━━━ Material provided ━━━
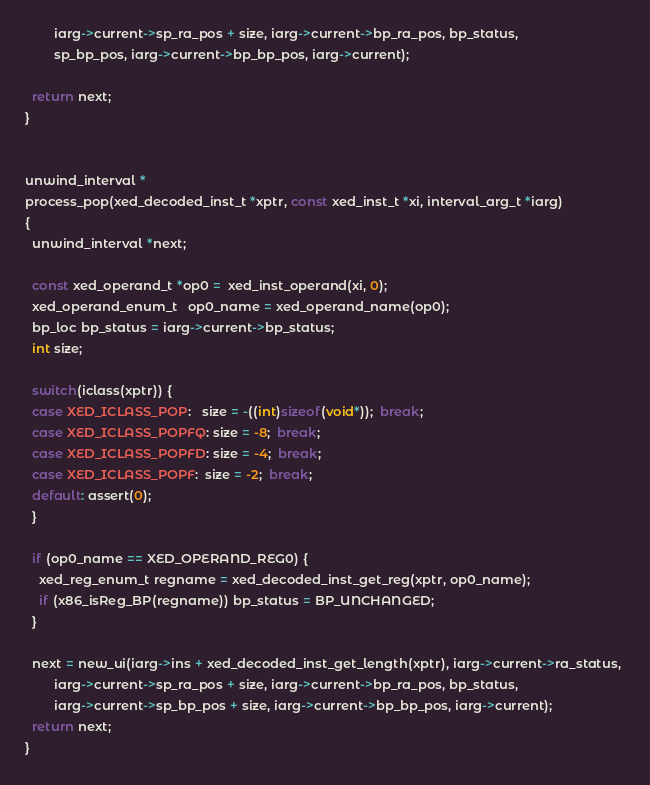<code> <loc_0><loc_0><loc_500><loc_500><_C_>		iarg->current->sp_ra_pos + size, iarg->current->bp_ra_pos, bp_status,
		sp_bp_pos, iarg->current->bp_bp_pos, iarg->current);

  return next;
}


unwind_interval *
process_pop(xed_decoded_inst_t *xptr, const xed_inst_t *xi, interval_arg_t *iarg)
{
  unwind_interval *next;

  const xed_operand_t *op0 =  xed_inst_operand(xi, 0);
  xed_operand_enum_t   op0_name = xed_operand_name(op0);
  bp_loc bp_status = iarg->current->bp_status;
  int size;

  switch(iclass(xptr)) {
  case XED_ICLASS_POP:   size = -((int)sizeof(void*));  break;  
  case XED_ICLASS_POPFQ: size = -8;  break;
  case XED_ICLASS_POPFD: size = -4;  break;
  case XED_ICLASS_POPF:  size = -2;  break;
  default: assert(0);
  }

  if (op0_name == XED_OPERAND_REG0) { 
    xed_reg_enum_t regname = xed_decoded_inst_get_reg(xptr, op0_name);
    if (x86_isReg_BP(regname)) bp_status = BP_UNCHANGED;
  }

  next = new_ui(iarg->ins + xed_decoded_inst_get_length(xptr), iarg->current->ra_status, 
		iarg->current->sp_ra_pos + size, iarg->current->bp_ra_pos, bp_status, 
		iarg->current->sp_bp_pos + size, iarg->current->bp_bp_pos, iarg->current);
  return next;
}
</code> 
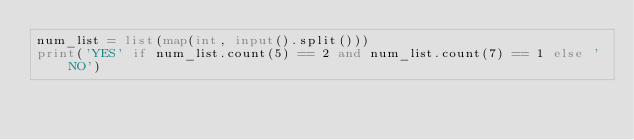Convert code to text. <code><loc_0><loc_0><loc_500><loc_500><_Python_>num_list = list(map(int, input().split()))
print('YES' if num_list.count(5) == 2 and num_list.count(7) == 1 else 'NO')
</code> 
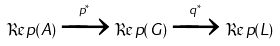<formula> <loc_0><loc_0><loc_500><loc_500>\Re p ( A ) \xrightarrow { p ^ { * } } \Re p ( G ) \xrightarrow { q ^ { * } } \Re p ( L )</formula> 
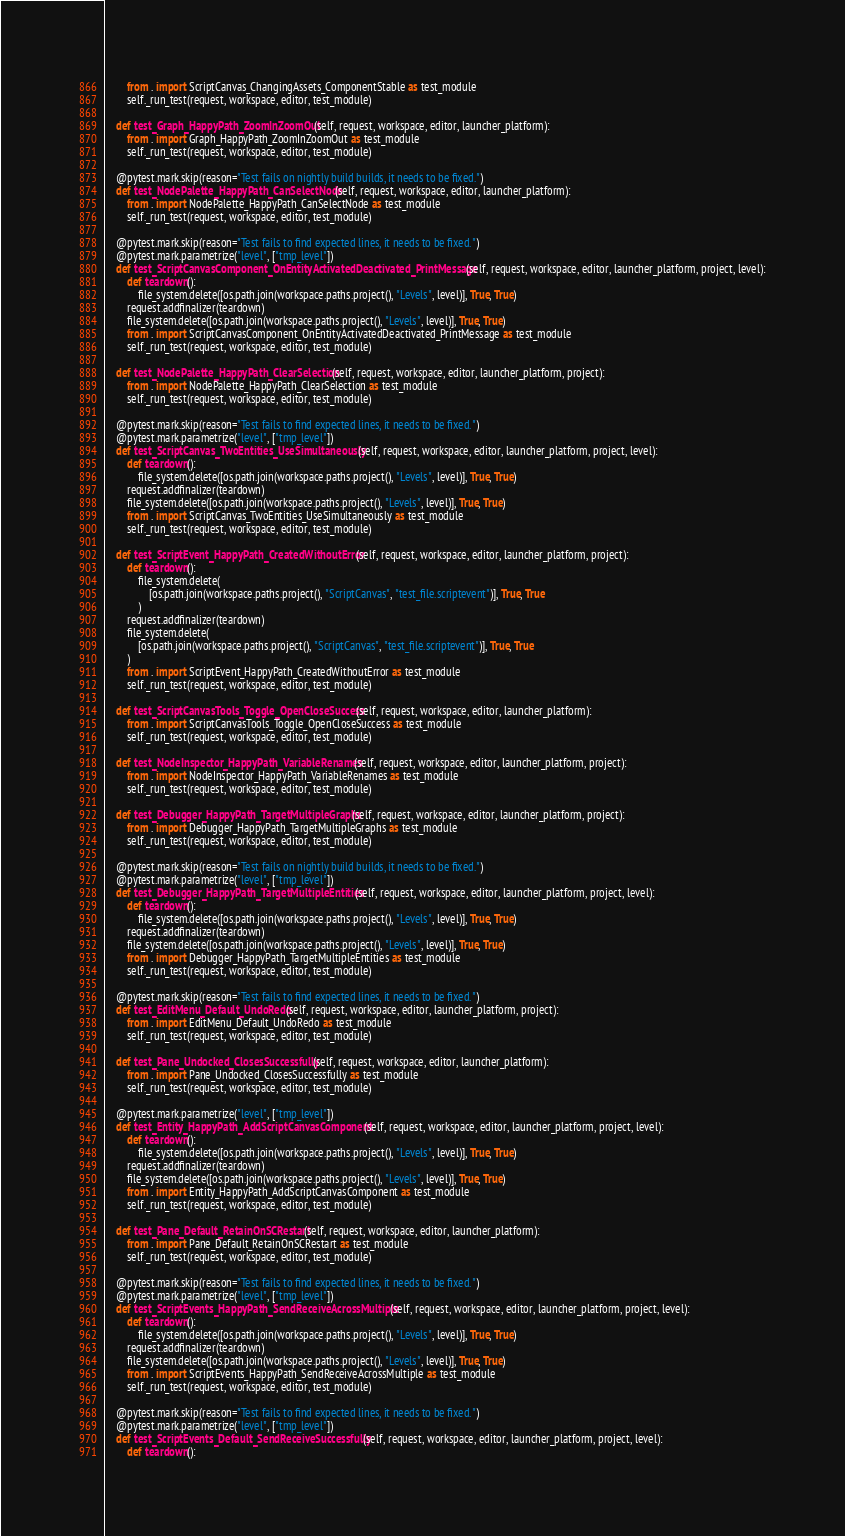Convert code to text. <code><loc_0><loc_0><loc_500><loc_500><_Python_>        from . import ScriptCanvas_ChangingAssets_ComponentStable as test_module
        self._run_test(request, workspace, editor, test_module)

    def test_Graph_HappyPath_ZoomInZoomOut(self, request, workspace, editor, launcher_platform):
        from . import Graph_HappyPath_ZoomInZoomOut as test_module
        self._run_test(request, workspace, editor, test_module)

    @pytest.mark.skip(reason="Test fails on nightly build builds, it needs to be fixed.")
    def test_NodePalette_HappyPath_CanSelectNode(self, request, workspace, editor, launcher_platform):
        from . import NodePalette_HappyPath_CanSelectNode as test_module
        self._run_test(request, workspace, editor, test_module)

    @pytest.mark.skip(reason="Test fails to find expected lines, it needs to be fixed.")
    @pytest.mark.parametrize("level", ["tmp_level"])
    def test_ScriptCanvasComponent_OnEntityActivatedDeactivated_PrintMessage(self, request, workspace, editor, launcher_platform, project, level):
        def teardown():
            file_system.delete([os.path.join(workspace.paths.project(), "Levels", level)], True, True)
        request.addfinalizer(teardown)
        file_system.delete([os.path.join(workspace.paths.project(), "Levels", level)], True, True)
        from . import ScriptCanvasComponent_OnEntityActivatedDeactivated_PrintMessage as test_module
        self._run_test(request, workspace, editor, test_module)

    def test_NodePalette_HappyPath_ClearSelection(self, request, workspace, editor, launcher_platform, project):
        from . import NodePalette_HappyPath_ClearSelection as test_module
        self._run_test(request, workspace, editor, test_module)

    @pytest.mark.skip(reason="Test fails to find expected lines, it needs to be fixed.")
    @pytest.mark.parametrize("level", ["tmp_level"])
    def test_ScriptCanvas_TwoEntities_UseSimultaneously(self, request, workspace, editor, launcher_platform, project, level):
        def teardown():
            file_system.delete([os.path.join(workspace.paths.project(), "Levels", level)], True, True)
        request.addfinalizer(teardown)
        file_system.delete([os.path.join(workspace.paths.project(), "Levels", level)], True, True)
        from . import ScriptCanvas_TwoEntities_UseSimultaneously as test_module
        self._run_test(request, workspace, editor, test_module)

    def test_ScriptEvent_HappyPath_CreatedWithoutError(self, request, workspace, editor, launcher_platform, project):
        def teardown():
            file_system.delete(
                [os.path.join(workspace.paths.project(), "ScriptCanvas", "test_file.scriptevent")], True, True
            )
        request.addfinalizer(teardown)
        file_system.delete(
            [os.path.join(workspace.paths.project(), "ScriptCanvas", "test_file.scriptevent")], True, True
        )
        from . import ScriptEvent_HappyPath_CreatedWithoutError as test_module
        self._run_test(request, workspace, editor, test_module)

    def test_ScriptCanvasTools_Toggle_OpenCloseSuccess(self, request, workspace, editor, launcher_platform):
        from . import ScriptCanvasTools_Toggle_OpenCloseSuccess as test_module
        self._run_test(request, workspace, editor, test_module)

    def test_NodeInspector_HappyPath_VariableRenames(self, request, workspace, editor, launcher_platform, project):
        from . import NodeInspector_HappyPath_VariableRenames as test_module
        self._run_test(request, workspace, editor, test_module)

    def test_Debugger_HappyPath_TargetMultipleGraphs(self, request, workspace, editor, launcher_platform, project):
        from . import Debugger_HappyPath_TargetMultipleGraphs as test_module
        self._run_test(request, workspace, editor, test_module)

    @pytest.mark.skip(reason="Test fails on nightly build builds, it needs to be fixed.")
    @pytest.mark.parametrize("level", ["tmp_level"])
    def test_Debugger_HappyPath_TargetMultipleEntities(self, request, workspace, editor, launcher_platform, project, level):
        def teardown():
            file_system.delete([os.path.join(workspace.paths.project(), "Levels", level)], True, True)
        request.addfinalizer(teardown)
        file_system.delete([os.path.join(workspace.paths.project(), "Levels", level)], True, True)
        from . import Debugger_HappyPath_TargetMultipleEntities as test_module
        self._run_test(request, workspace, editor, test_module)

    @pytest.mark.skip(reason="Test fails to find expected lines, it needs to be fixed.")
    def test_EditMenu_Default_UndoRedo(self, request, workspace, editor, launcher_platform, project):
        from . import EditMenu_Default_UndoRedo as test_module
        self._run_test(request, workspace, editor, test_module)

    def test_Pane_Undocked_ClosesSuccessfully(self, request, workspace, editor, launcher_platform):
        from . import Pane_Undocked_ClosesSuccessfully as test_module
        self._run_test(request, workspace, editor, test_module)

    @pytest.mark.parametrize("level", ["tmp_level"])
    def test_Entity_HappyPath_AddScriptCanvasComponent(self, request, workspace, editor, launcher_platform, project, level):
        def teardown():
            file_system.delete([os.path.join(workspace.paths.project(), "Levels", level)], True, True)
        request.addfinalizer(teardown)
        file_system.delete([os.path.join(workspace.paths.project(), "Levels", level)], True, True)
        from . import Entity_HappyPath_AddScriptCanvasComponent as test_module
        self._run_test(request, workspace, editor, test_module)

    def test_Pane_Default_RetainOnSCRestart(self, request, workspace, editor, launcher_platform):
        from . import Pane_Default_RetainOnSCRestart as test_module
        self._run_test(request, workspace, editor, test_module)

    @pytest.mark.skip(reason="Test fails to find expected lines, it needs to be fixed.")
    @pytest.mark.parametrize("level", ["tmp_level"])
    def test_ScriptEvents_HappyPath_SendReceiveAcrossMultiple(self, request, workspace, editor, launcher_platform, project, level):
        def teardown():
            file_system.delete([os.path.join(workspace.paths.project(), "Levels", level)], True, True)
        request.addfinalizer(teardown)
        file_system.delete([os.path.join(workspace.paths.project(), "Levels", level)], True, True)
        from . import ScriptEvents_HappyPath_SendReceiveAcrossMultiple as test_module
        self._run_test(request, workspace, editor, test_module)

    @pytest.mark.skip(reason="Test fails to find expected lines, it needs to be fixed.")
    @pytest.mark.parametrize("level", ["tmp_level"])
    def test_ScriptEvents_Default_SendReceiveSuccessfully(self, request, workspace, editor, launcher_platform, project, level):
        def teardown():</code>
━━━
━━━ Material provided ━━━
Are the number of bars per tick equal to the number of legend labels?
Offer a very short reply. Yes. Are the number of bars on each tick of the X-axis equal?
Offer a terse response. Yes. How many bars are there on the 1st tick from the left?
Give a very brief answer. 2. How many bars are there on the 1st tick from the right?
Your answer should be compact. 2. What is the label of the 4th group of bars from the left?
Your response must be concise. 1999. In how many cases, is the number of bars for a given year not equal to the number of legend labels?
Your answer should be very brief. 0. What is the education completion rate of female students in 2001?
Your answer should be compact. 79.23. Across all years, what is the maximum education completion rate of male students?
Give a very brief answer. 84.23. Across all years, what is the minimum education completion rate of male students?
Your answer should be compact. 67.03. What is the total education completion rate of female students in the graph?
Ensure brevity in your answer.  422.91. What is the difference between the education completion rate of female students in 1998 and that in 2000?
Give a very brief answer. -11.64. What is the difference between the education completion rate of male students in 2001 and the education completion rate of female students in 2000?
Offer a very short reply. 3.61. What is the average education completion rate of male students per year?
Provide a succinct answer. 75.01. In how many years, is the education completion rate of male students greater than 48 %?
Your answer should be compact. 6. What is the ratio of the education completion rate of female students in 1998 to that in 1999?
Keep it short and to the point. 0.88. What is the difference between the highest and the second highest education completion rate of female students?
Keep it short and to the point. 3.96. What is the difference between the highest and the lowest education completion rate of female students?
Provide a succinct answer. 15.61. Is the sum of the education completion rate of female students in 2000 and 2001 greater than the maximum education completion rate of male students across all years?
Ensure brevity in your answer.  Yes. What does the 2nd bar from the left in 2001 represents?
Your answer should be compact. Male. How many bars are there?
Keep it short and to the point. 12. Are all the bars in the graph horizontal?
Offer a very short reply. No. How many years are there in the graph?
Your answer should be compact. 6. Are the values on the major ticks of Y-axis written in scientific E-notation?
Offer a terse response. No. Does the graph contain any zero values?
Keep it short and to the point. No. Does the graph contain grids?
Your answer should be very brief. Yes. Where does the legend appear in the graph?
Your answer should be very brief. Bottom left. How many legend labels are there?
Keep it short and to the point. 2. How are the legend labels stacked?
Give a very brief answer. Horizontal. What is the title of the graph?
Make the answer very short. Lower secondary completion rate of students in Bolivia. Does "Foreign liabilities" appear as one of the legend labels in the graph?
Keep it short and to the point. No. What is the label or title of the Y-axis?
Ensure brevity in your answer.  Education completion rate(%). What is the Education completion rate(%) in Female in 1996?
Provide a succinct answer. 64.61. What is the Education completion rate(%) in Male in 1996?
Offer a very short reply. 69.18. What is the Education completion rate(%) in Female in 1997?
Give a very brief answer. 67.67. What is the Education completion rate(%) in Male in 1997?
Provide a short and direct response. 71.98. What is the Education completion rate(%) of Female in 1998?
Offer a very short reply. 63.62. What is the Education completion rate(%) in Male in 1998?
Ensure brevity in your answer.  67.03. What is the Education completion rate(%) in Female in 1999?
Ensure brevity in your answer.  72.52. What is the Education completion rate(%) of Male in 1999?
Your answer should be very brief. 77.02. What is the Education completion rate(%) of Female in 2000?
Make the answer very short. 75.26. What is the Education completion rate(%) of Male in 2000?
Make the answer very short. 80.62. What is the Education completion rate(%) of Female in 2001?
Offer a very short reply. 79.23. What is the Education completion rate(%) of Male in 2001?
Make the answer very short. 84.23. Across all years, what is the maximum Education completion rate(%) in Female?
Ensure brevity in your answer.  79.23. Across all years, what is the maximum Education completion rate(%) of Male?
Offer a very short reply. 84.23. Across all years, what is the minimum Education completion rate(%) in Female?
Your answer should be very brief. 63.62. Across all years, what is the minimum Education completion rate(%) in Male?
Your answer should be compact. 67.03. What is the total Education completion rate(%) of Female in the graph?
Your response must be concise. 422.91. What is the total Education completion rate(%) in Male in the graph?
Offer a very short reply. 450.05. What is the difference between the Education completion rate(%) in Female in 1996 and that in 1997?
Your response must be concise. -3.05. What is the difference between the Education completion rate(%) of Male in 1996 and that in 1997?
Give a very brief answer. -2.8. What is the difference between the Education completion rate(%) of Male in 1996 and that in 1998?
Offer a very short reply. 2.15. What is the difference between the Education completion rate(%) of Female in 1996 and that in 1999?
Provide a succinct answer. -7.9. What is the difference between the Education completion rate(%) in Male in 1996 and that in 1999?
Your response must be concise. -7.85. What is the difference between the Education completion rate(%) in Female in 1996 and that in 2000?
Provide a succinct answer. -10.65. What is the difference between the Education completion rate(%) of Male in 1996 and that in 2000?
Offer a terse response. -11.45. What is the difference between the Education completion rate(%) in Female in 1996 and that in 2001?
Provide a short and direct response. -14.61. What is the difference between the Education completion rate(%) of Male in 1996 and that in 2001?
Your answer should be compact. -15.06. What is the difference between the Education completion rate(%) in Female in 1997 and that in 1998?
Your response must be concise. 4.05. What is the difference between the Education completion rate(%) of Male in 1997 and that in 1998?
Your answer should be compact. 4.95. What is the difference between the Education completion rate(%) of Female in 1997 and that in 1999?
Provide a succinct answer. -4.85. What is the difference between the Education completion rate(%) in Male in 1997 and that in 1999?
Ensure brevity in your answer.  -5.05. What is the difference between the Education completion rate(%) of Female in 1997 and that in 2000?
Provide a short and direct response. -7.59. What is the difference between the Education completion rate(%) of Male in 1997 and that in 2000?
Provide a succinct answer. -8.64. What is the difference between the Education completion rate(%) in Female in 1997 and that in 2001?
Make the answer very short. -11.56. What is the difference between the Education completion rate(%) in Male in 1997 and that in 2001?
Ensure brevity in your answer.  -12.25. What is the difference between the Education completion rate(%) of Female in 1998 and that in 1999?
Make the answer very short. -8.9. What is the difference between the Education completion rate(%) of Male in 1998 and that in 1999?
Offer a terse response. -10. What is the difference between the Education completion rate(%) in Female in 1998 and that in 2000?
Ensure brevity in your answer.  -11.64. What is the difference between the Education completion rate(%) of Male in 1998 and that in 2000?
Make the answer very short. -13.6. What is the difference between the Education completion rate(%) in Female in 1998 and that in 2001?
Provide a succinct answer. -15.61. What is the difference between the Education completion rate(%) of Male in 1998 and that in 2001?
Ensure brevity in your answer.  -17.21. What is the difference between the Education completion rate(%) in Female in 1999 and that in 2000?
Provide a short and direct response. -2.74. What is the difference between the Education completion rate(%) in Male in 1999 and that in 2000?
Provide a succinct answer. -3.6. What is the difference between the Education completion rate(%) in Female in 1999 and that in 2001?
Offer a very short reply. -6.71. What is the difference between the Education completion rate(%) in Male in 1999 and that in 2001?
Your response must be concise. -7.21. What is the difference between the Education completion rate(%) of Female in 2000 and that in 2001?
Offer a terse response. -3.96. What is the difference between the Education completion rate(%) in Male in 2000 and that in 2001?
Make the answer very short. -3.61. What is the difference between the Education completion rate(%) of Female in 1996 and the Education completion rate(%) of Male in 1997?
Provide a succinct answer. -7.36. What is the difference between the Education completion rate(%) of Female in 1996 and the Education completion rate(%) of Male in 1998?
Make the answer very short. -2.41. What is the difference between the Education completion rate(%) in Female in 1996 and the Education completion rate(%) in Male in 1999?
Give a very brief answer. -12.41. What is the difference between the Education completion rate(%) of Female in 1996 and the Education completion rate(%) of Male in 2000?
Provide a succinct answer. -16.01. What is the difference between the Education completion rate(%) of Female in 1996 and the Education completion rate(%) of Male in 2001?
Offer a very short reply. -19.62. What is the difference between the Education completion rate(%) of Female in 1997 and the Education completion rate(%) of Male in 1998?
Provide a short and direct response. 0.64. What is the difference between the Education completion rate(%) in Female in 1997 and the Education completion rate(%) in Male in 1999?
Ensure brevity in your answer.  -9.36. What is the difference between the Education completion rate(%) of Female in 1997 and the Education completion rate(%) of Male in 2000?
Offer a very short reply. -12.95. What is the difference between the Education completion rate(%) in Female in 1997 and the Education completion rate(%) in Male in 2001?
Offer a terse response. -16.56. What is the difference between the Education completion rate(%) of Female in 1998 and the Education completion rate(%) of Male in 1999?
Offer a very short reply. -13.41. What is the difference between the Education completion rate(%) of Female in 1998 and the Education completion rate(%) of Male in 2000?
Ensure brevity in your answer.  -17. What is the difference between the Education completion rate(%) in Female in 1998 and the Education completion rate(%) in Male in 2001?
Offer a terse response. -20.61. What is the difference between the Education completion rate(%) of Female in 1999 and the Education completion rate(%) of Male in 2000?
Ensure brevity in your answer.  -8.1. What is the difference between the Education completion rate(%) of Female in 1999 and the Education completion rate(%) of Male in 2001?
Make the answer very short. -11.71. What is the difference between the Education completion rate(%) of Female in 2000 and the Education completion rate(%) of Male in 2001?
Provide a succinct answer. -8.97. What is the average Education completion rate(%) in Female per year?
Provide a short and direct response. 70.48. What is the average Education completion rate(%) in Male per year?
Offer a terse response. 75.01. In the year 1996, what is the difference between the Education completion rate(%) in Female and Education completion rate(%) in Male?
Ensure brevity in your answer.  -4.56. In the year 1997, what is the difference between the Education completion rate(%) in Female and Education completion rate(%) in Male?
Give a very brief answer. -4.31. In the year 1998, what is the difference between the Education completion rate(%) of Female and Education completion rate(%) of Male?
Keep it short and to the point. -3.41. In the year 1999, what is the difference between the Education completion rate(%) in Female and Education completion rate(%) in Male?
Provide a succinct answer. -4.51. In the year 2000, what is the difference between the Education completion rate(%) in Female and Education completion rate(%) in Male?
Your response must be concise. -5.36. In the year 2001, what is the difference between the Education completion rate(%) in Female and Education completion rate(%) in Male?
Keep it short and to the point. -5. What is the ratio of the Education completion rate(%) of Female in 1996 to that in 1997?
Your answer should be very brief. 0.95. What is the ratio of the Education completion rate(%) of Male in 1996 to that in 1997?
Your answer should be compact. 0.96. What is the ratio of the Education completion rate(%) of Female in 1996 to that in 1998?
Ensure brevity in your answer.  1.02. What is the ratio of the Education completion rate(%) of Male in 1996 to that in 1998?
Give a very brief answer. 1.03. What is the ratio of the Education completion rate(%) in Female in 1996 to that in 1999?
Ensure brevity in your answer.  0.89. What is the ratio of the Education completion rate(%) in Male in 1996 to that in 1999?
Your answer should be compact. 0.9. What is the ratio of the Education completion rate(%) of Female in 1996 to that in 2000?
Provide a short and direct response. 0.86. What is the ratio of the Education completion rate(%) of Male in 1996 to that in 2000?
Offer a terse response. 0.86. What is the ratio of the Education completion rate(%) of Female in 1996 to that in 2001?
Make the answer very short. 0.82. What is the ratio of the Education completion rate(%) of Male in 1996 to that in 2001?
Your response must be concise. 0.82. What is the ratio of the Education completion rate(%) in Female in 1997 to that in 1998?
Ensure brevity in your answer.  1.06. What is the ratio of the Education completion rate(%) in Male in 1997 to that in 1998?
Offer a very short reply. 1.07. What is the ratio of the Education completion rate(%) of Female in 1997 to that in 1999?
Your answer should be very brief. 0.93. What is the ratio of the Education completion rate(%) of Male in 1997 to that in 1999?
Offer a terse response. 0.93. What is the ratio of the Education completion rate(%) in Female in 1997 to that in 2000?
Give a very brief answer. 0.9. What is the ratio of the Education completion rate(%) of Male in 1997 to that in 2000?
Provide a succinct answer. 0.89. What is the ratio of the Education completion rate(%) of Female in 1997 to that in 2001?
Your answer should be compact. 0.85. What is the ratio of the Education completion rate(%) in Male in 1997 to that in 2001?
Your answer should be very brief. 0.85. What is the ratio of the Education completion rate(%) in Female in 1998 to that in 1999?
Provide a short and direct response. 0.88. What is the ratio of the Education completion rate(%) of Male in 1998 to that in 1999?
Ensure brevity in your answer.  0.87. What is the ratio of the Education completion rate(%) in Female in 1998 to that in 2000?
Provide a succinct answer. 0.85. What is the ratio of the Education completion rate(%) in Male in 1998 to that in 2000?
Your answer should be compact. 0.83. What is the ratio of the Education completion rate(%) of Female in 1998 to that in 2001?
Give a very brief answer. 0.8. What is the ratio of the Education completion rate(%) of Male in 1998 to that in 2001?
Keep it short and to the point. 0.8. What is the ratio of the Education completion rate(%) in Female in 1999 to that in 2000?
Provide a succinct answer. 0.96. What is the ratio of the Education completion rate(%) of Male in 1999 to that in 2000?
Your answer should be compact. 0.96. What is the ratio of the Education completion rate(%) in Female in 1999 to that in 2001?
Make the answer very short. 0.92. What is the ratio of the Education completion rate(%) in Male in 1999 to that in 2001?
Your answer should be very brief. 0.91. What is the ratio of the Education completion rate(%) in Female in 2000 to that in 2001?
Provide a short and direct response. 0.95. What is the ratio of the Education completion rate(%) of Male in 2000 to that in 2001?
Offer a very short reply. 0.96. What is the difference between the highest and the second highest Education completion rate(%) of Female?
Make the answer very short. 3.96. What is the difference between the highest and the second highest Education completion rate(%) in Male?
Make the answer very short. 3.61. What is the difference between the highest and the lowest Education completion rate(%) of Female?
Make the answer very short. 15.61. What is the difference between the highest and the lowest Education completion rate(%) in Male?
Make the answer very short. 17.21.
━━━
### Directions for this task
Which lines above contain the word "axis"? List them.

### The completed task
Offer a very short reply. Yes. Are the number of bars on each tick of the X-axis equal?
Your answer should be compact. 6. Are the values on the major ticks of Y-axis written in scientific E-notation?
Keep it short and to the point. No. What is the label or title of the Y-axis?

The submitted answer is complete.